- [Information shown]
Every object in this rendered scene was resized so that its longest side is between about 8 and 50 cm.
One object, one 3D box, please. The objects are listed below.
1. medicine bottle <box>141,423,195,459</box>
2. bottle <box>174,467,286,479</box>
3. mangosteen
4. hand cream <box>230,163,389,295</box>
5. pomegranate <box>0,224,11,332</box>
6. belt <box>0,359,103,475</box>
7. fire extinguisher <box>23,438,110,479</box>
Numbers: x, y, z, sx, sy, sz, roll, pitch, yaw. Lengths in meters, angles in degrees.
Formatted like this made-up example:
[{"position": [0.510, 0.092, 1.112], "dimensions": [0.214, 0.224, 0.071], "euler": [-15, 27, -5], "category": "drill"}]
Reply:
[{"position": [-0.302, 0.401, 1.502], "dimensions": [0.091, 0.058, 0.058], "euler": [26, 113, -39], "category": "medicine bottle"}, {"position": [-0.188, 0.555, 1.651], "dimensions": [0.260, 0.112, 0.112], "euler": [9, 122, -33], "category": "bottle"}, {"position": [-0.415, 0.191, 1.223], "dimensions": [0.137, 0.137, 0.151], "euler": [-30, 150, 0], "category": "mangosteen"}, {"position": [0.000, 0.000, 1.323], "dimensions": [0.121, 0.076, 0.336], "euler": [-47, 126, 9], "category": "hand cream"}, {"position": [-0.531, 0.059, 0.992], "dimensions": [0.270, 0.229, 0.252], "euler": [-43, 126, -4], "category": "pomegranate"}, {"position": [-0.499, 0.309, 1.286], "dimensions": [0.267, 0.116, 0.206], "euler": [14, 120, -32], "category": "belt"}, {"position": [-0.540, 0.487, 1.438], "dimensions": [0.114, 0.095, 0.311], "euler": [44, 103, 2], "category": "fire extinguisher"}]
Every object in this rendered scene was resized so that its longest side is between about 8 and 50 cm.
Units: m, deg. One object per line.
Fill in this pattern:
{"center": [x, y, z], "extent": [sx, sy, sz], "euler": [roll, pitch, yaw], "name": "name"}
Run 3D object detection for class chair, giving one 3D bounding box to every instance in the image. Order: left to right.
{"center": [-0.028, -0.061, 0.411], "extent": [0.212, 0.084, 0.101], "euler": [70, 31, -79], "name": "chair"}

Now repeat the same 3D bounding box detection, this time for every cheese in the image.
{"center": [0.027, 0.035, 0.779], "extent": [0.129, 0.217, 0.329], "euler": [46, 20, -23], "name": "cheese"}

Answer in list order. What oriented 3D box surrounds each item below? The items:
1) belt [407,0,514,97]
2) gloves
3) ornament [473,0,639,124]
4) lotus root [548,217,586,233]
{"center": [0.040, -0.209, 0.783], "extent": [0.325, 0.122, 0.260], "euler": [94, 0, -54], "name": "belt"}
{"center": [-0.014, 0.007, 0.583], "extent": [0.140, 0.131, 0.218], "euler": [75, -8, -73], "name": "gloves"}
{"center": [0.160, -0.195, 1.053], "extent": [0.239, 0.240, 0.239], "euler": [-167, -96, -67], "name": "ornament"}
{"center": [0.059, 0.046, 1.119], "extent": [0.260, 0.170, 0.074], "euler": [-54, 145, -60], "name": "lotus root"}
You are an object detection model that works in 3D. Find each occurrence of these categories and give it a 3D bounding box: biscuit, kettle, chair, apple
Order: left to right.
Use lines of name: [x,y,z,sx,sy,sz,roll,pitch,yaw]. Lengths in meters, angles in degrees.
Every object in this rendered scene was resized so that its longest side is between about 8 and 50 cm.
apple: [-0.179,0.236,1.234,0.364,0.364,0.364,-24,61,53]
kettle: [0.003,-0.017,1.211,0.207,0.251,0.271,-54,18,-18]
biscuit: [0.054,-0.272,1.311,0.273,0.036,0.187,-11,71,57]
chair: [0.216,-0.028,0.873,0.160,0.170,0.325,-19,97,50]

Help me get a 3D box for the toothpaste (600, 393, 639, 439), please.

- [Problem details] Only the lines from the opening of the material through the line with "3. mangosteen" should be echoed, exactly as written.

- [Result of the exercise]
Every object in this rendered scene was resized so that its longest side is between about 8 and 50 cm.
One object, one 3D box, please. The objects are listed below.
1. medicine bottle <box>141,423,195,459</box>
2. bottle <box>174,467,286,479</box>
3. mangosteen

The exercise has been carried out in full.